In the future, prior to establishing its robustness, the suggested approach will be tested on complex real-world applications such as LFC with integrated electric cars, wind, and PV systems with time delay nonlinearity.

Appendices

Appendix A.1: Two-area two-unit power plant [7, 11, 15]

\(P_{R} = 2000\,{\text{MW}};\) \(P_{L} = 1000\,{\text{ MW}};\) \(f = 60{\text{ H}}_{{\text{Z}}} ;\) \(B_{1} = B_{2} = 0.425 {\text{ p}}.{\text{u}}.{\text{ MW}}/{\text{H}}_{{\text{Z}}}\); \(R_{1} = R_{2} = 2.4{\text{ H}}_{Z} /{\text{p}}.{\text{u}}.\); \(T_{g1} = T_{g2} = 0.08{\text{ s}}\); \(T_{t1} = T_{t2} = 0.3 s\); \(K_{PS1} = K_\text{PS2} = 120{\text{ H}}_{Z} /{\text{p}}.{\text{u}}.\); \(T_{PS1} = T_\text{PS2} = 20 {\text{ s}}\); \(2* \pi *T_{12} = 0.545 \,{\text{p}}.{\text{u}}.;{ }a_{12} = - 1.\)

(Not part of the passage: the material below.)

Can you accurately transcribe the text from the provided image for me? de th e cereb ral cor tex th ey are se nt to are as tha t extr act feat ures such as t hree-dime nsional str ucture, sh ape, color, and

Appendix A.2: Two-area two-unit with governor dead band [15, 57]

\(B_{1} = B_{2} = 0.425{\text{ p}}.{\text{u}}.{\text{ MW}}/{\text{H}}_{{\text{Z}}}\); \(R_{1} = R_{2} = 2.4{\text{ H}}_{Z} /{\text{p}}.{\text{u}}.\); \(T_{g1} = T_{g2} = 0.2{\text{ s}}\); \(T_{t1} = T_{t2} = 0.3{ }s\);

\(K_{PS1} = K_\text{PS2} = 120{\text{ H}}_{Z} /{\text{p}}.{\text{u}}\); \(T_{PS1} = T_\text{PS2} = 20{\text{ s}}\); \(T_{12} = 0.0707\,{\text{ p}}.{\text{u}}.;{ }a_{12} = - 1.\)

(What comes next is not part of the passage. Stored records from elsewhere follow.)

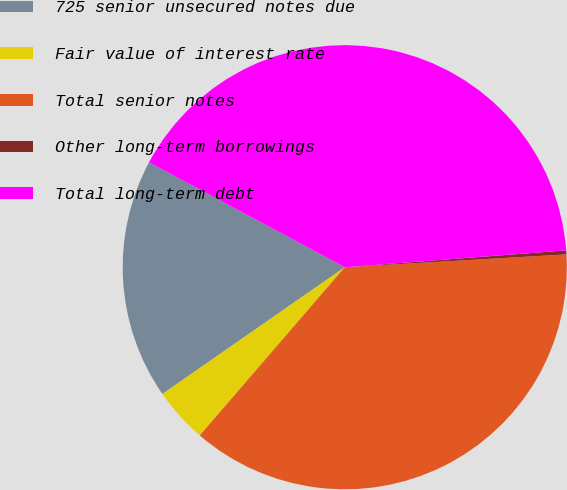Convert chart to OTSL. <chart><loc_0><loc_0><loc_500><loc_500><pie_chart><fcel>725 senior unsecured notes due<fcel>Fair value of interest rate<fcel>Total senior notes<fcel>Other long-term borrowings<fcel>Total long-term debt<nl><fcel>17.5%<fcel>4.01%<fcel>37.24%<fcel>0.29%<fcel>40.96%<nl></chart> 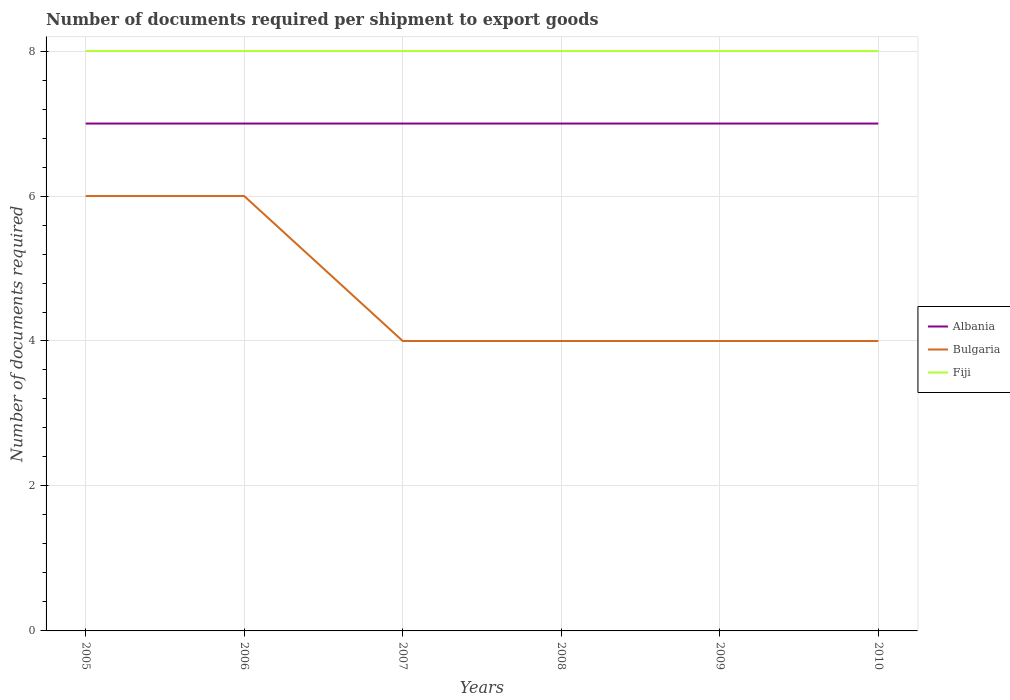Does the line corresponding to Bulgaria intersect with the line corresponding to Albania?
Your response must be concise. No. Across all years, what is the maximum number of documents required per shipment to export goods in Bulgaria?
Provide a short and direct response. 4. What is the difference between the highest and the second highest number of documents required per shipment to export goods in Bulgaria?
Give a very brief answer. 2. What is the difference between the highest and the lowest number of documents required per shipment to export goods in Albania?
Your response must be concise. 0. What is the difference between two consecutive major ticks on the Y-axis?
Your answer should be very brief. 2. Are the values on the major ticks of Y-axis written in scientific E-notation?
Give a very brief answer. No. Does the graph contain any zero values?
Provide a succinct answer. No. Where does the legend appear in the graph?
Your answer should be compact. Center right. How many legend labels are there?
Provide a succinct answer. 3. How are the legend labels stacked?
Offer a terse response. Vertical. What is the title of the graph?
Your answer should be compact. Number of documents required per shipment to export goods. What is the label or title of the X-axis?
Give a very brief answer. Years. What is the label or title of the Y-axis?
Make the answer very short. Number of documents required. What is the Number of documents required of Albania in 2005?
Ensure brevity in your answer.  7. What is the Number of documents required in Albania in 2006?
Your answer should be compact. 7. What is the Number of documents required in Bulgaria in 2006?
Provide a short and direct response. 6. What is the Number of documents required in Albania in 2007?
Give a very brief answer. 7. What is the Number of documents required of Albania in 2008?
Ensure brevity in your answer.  7. What is the Number of documents required of Bulgaria in 2008?
Ensure brevity in your answer.  4. What is the Number of documents required of Bulgaria in 2009?
Make the answer very short. 4. Across all years, what is the maximum Number of documents required of Albania?
Provide a short and direct response. 7. Across all years, what is the maximum Number of documents required in Bulgaria?
Keep it short and to the point. 6. Across all years, what is the maximum Number of documents required of Fiji?
Make the answer very short. 8. Across all years, what is the minimum Number of documents required in Albania?
Ensure brevity in your answer.  7. Across all years, what is the minimum Number of documents required of Fiji?
Keep it short and to the point. 8. What is the total Number of documents required of Bulgaria in the graph?
Provide a succinct answer. 28. What is the total Number of documents required in Fiji in the graph?
Your answer should be compact. 48. What is the difference between the Number of documents required of Fiji in 2005 and that in 2006?
Keep it short and to the point. 0. What is the difference between the Number of documents required of Albania in 2005 and that in 2007?
Ensure brevity in your answer.  0. What is the difference between the Number of documents required of Bulgaria in 2005 and that in 2007?
Keep it short and to the point. 2. What is the difference between the Number of documents required in Fiji in 2005 and that in 2007?
Ensure brevity in your answer.  0. What is the difference between the Number of documents required of Albania in 2005 and that in 2008?
Your answer should be compact. 0. What is the difference between the Number of documents required in Bulgaria in 2005 and that in 2008?
Offer a terse response. 2. What is the difference between the Number of documents required of Fiji in 2005 and that in 2008?
Offer a terse response. 0. What is the difference between the Number of documents required in Albania in 2005 and that in 2009?
Offer a terse response. 0. What is the difference between the Number of documents required of Bulgaria in 2005 and that in 2009?
Your answer should be very brief. 2. What is the difference between the Number of documents required of Bulgaria in 2005 and that in 2010?
Make the answer very short. 2. What is the difference between the Number of documents required of Bulgaria in 2006 and that in 2007?
Offer a very short reply. 2. What is the difference between the Number of documents required of Fiji in 2006 and that in 2007?
Your answer should be very brief. 0. What is the difference between the Number of documents required in Albania in 2006 and that in 2008?
Give a very brief answer. 0. What is the difference between the Number of documents required in Bulgaria in 2006 and that in 2008?
Your answer should be very brief. 2. What is the difference between the Number of documents required of Fiji in 2006 and that in 2008?
Provide a short and direct response. 0. What is the difference between the Number of documents required in Albania in 2006 and that in 2009?
Ensure brevity in your answer.  0. What is the difference between the Number of documents required in Bulgaria in 2006 and that in 2009?
Offer a very short reply. 2. What is the difference between the Number of documents required in Bulgaria in 2006 and that in 2010?
Provide a succinct answer. 2. What is the difference between the Number of documents required of Fiji in 2007 and that in 2008?
Give a very brief answer. 0. What is the difference between the Number of documents required of Albania in 2007 and that in 2009?
Your answer should be very brief. 0. What is the difference between the Number of documents required of Albania in 2007 and that in 2010?
Offer a terse response. 0. What is the difference between the Number of documents required of Fiji in 2007 and that in 2010?
Keep it short and to the point. 0. What is the difference between the Number of documents required of Albania in 2008 and that in 2009?
Make the answer very short. 0. What is the difference between the Number of documents required of Fiji in 2008 and that in 2009?
Your answer should be very brief. 0. What is the difference between the Number of documents required in Albania in 2008 and that in 2010?
Give a very brief answer. 0. What is the difference between the Number of documents required of Fiji in 2008 and that in 2010?
Your answer should be compact. 0. What is the difference between the Number of documents required of Albania in 2009 and that in 2010?
Provide a short and direct response. 0. What is the difference between the Number of documents required in Bulgaria in 2009 and that in 2010?
Offer a very short reply. 0. What is the difference between the Number of documents required in Fiji in 2009 and that in 2010?
Provide a succinct answer. 0. What is the difference between the Number of documents required of Albania in 2005 and the Number of documents required of Bulgaria in 2006?
Offer a terse response. 1. What is the difference between the Number of documents required of Bulgaria in 2005 and the Number of documents required of Fiji in 2006?
Give a very brief answer. -2. What is the difference between the Number of documents required of Albania in 2005 and the Number of documents required of Bulgaria in 2007?
Offer a terse response. 3. What is the difference between the Number of documents required of Bulgaria in 2005 and the Number of documents required of Fiji in 2008?
Offer a terse response. -2. What is the difference between the Number of documents required in Albania in 2005 and the Number of documents required in Bulgaria in 2009?
Ensure brevity in your answer.  3. What is the difference between the Number of documents required in Albania in 2005 and the Number of documents required in Bulgaria in 2010?
Offer a terse response. 3. What is the difference between the Number of documents required in Albania in 2005 and the Number of documents required in Fiji in 2010?
Provide a short and direct response. -1. What is the difference between the Number of documents required in Bulgaria in 2006 and the Number of documents required in Fiji in 2007?
Offer a very short reply. -2. What is the difference between the Number of documents required of Bulgaria in 2006 and the Number of documents required of Fiji in 2008?
Give a very brief answer. -2. What is the difference between the Number of documents required in Bulgaria in 2006 and the Number of documents required in Fiji in 2009?
Ensure brevity in your answer.  -2. What is the difference between the Number of documents required of Albania in 2007 and the Number of documents required of Fiji in 2008?
Offer a terse response. -1. What is the difference between the Number of documents required in Albania in 2007 and the Number of documents required in Bulgaria in 2010?
Give a very brief answer. 3. What is the difference between the Number of documents required of Albania in 2007 and the Number of documents required of Fiji in 2010?
Offer a very short reply. -1. What is the difference between the Number of documents required in Albania in 2008 and the Number of documents required in Bulgaria in 2009?
Offer a terse response. 3. What is the difference between the Number of documents required in Albania in 2008 and the Number of documents required in Fiji in 2009?
Provide a succinct answer. -1. What is the difference between the Number of documents required of Bulgaria in 2008 and the Number of documents required of Fiji in 2009?
Offer a terse response. -4. What is the difference between the Number of documents required of Albania in 2008 and the Number of documents required of Bulgaria in 2010?
Your answer should be compact. 3. What is the difference between the Number of documents required in Albania in 2008 and the Number of documents required in Fiji in 2010?
Give a very brief answer. -1. What is the difference between the Number of documents required in Bulgaria in 2008 and the Number of documents required in Fiji in 2010?
Provide a short and direct response. -4. What is the difference between the Number of documents required of Albania in 2009 and the Number of documents required of Bulgaria in 2010?
Your response must be concise. 3. What is the average Number of documents required of Bulgaria per year?
Give a very brief answer. 4.67. In the year 2005, what is the difference between the Number of documents required in Albania and Number of documents required in Bulgaria?
Provide a short and direct response. 1. In the year 2005, what is the difference between the Number of documents required of Albania and Number of documents required of Fiji?
Provide a succinct answer. -1. In the year 2006, what is the difference between the Number of documents required of Albania and Number of documents required of Fiji?
Offer a very short reply. -1. In the year 2007, what is the difference between the Number of documents required of Albania and Number of documents required of Bulgaria?
Your response must be concise. 3. In the year 2007, what is the difference between the Number of documents required of Albania and Number of documents required of Fiji?
Offer a terse response. -1. In the year 2007, what is the difference between the Number of documents required of Bulgaria and Number of documents required of Fiji?
Keep it short and to the point. -4. In the year 2008, what is the difference between the Number of documents required in Albania and Number of documents required in Bulgaria?
Keep it short and to the point. 3. In the year 2008, what is the difference between the Number of documents required in Albania and Number of documents required in Fiji?
Keep it short and to the point. -1. In the year 2008, what is the difference between the Number of documents required in Bulgaria and Number of documents required in Fiji?
Your answer should be very brief. -4. In the year 2009, what is the difference between the Number of documents required of Albania and Number of documents required of Bulgaria?
Your response must be concise. 3. In the year 2010, what is the difference between the Number of documents required of Albania and Number of documents required of Fiji?
Keep it short and to the point. -1. In the year 2010, what is the difference between the Number of documents required in Bulgaria and Number of documents required in Fiji?
Keep it short and to the point. -4. What is the ratio of the Number of documents required of Albania in 2005 to that in 2006?
Keep it short and to the point. 1. What is the ratio of the Number of documents required in Bulgaria in 2005 to that in 2006?
Your answer should be very brief. 1. What is the ratio of the Number of documents required of Fiji in 2005 to that in 2007?
Give a very brief answer. 1. What is the ratio of the Number of documents required in Bulgaria in 2005 to that in 2008?
Provide a short and direct response. 1.5. What is the ratio of the Number of documents required in Bulgaria in 2005 to that in 2009?
Provide a short and direct response. 1.5. What is the ratio of the Number of documents required of Fiji in 2005 to that in 2009?
Ensure brevity in your answer.  1. What is the ratio of the Number of documents required in Fiji in 2005 to that in 2010?
Offer a terse response. 1. What is the ratio of the Number of documents required in Albania in 2006 to that in 2007?
Keep it short and to the point. 1. What is the ratio of the Number of documents required in Bulgaria in 2006 to that in 2009?
Give a very brief answer. 1.5. What is the ratio of the Number of documents required in Albania in 2006 to that in 2010?
Give a very brief answer. 1. What is the ratio of the Number of documents required of Bulgaria in 2006 to that in 2010?
Offer a terse response. 1.5. What is the ratio of the Number of documents required in Bulgaria in 2007 to that in 2008?
Your response must be concise. 1. What is the ratio of the Number of documents required in Bulgaria in 2007 to that in 2009?
Your answer should be very brief. 1. What is the ratio of the Number of documents required in Fiji in 2007 to that in 2009?
Make the answer very short. 1. What is the ratio of the Number of documents required in Albania in 2007 to that in 2010?
Your response must be concise. 1. What is the ratio of the Number of documents required of Bulgaria in 2007 to that in 2010?
Your answer should be compact. 1. What is the ratio of the Number of documents required in Fiji in 2007 to that in 2010?
Provide a short and direct response. 1. What is the ratio of the Number of documents required of Albania in 2008 to that in 2009?
Give a very brief answer. 1. What is the ratio of the Number of documents required in Bulgaria in 2008 to that in 2009?
Your answer should be very brief. 1. What is the ratio of the Number of documents required of Fiji in 2008 to that in 2009?
Your response must be concise. 1. What is the ratio of the Number of documents required of Bulgaria in 2008 to that in 2010?
Provide a succinct answer. 1. What is the ratio of the Number of documents required of Fiji in 2008 to that in 2010?
Make the answer very short. 1. What is the ratio of the Number of documents required of Albania in 2009 to that in 2010?
Your answer should be very brief. 1. What is the ratio of the Number of documents required of Bulgaria in 2009 to that in 2010?
Offer a very short reply. 1. What is the ratio of the Number of documents required of Fiji in 2009 to that in 2010?
Keep it short and to the point. 1. What is the difference between the highest and the second highest Number of documents required of Albania?
Ensure brevity in your answer.  0. What is the difference between the highest and the second highest Number of documents required of Bulgaria?
Ensure brevity in your answer.  0. What is the difference between the highest and the second highest Number of documents required of Fiji?
Ensure brevity in your answer.  0. What is the difference between the highest and the lowest Number of documents required in Bulgaria?
Provide a short and direct response. 2.

Appendix B: Two-area six-unit power plant [15, 56]

\(B_{1} = B_{2} = 0.4312\;{\text{ p}}.{\text{u}}.{\text{ MW}}/{\text{H}}_{{\text{Z}}}\); \(R_{1} = R_{2} = R_{3} = 2.4{ }\;{\text{H}}_{Z} /{\text{p}}.{\text{u}}.\); \(T_\text{sg1} = T_\text{sg2} = 0.08{\text{ s}}\); \(T_{t1} = T_{t2} = 0.3{ }s\);

\(K_{r1} = K_{r2} = 0.3;\) \(T_{r1} = T_{r2} = 10{ }s;\) \(K_{{{\text{PS}}1}} = K_{{{\text{PS}}2}} = 68.9566{\text{ H}}_{Z} /{\text{p}}.{\text{u}}\); \(T_{PS1} = T_\text{PS2} = 11.49{\text{ s}}\);

\(T_{12} = 0.0433{\text{ p}}.{\text{u}}.;{ }a_{12} = - 1;\) \(T_{w1} = T_{w2} = 1{\text{ s}};\) \(T_\text{RS1} = T_\text{RS2} = 5{\text{ s}}\); \(T_\text{RH1} = T_\text{RH2} = 78.75{\text{ s}}\);

\(T_\text{GH1} = T_\text{GH2} = 0.2{\text{ s}}\); \(X_{C} = 0.6{ }s\); \(Y_{C} = 1{\text{ s}};\) \(c_{g} = 1{ }s;\) \(b_{g} = 0.05{ }s;\) \(T_{F1} = T_{F2} = 0.23{\text{ s}}\); \(T_\text{CD1} = T_\text{CD2} = 0.2{\text{ s}}\);

\(T_\text{CR1} = T_\text{CR2} = 0.01{\text{ s}}\); \(K_{T} = 0.543478\); \(K_{H} = 0.326084\); \(K_{G} = 0.130438\); \(K_\text{DC} = 1\); \(T_{DC} = 0.2{ }s\).